== Segment start ==
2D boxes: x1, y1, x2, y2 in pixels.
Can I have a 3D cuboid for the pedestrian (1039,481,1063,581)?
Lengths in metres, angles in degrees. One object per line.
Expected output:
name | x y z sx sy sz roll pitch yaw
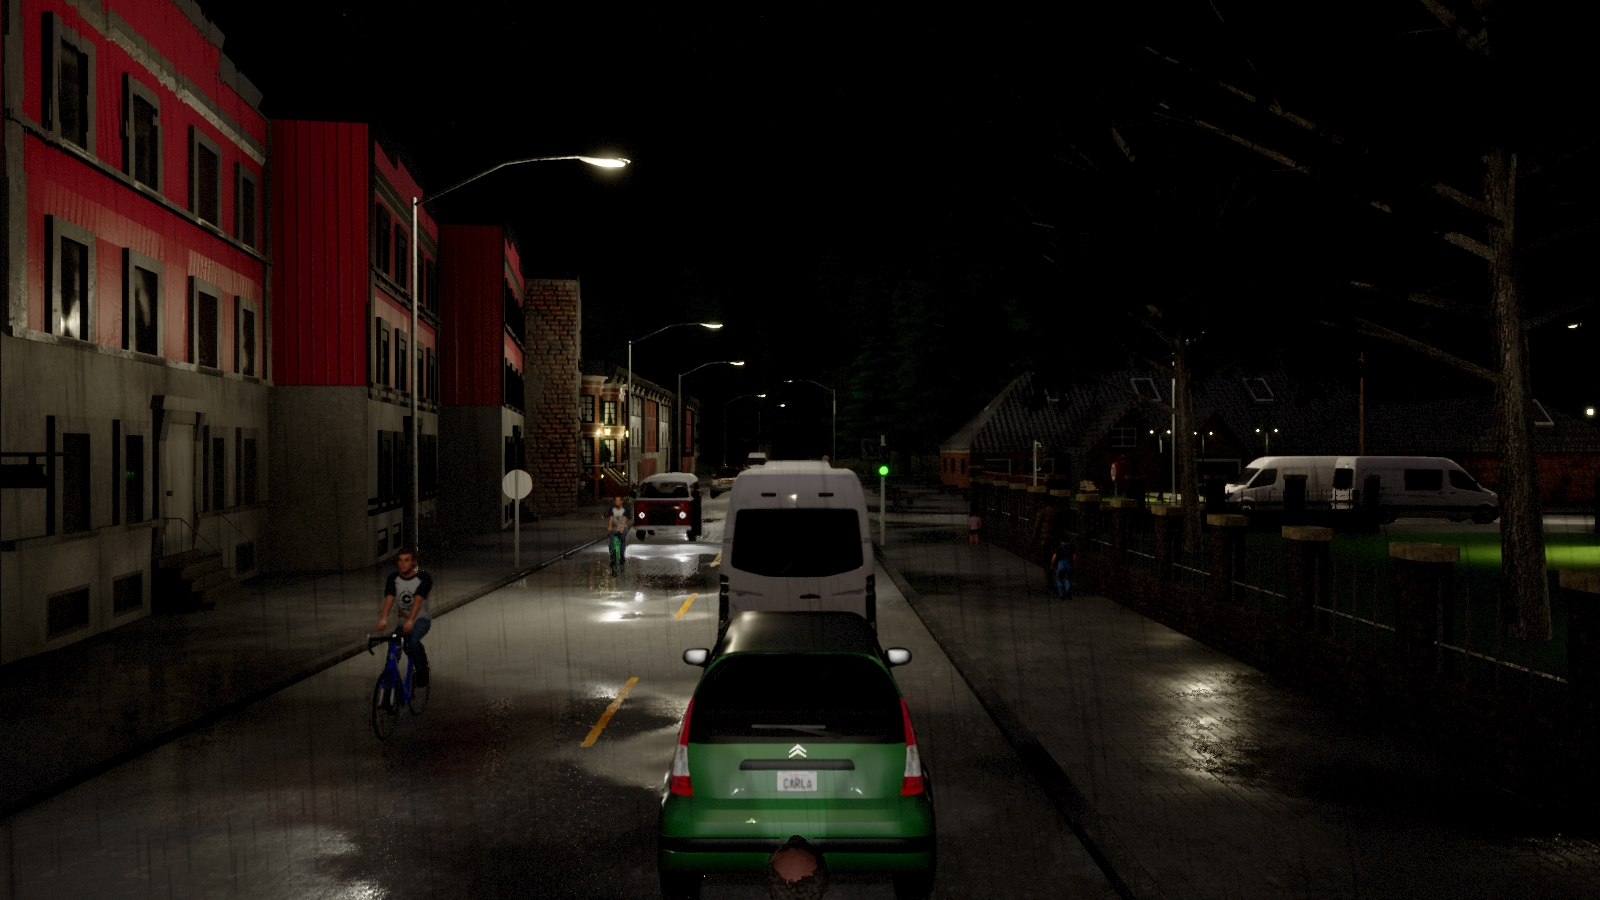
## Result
pedestrian | 4.751 1.525 21.633 0.375 1.860 0.375 0 0 0

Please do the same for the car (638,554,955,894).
car | -0.023 1.780 8.658 1.851 1.617 3.988 0 0 0

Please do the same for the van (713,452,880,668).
van | -0.052 1.315 16.617 1.988 2.561 5.915 0 0 0

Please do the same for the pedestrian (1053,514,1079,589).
pedestrian | 4.759 1.805 20.437 0.375 1.300 0.375 0 0 0

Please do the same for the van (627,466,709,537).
van | -4.086 1.563 35.968 2.069 2.038 4.480 0 0 0

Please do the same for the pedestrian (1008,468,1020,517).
pedestrian | 8.233 1.629 43.929 0.375 1.860 0.375 0 0 -2

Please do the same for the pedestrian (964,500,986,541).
pedestrian | 4.743 1.904 30.984 0.500 1.100 0.500 0 0 0

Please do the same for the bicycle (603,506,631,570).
bicycle | -4.060 1.936 25.438 0.373 1.296 1.643 0 0 0

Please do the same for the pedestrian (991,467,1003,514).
pedestrian | 7.881 1.629 45.672 0.375 1.860 0.375 0 0 -5
== Segment end ==
* What you should do:
Each entry should come back exactly as written, with its pictures omitted.

* Solution to the problem:
2D boxes: x1, y1, x2, y2 in pixels.
Can I have a 3D cuboid for the pedestrian (1039,481,1063,581)?
Lengths in metres, angles in degrees. One object per line.
Expected output:
name | x y z sx sy sz roll pitch yaw
## Result
pedestrian | 4.751 1.525 21.633 0.375 1.860 0.375 0 0 0

Please do the same for the car (638,554,955,894).
car | -0.023 1.780 8.658 1.851 1.617 3.988 0 0 0

Please do the same for the van (713,452,880,668).
van | -0.052 1.315 16.617 1.988 2.561 5.915 0 0 0

Please do the same for the pedestrian (1053,514,1079,589).
pedestrian | 4.759 1.805 20.437 0.375 1.300 0.375 0 0 0

Please do the same for the van (627,466,709,537).
van | -4.086 1.563 35.968 2.069 2.038 4.480 0 0 0

Please do the same for the pedestrian (1008,468,1020,517).
pedestrian | 8.233 1.629 43.929 0.375 1.860 0.375 0 0 -2

Please do the same for the pedestrian (964,500,986,541).
pedestrian | 4.743 1.904 30.984 0.500 1.100 0.500 0 0 0

Please do the same for the bicycle (603,506,631,570).
bicycle | -4.060 1.936 25.438 0.373 1.296 1.643 0 0 0

Please do the same for the pedestrian (991,467,1003,514).
pedestrian | 7.881 1.629 45.672 0.375 1.860 0.375 0 0 -5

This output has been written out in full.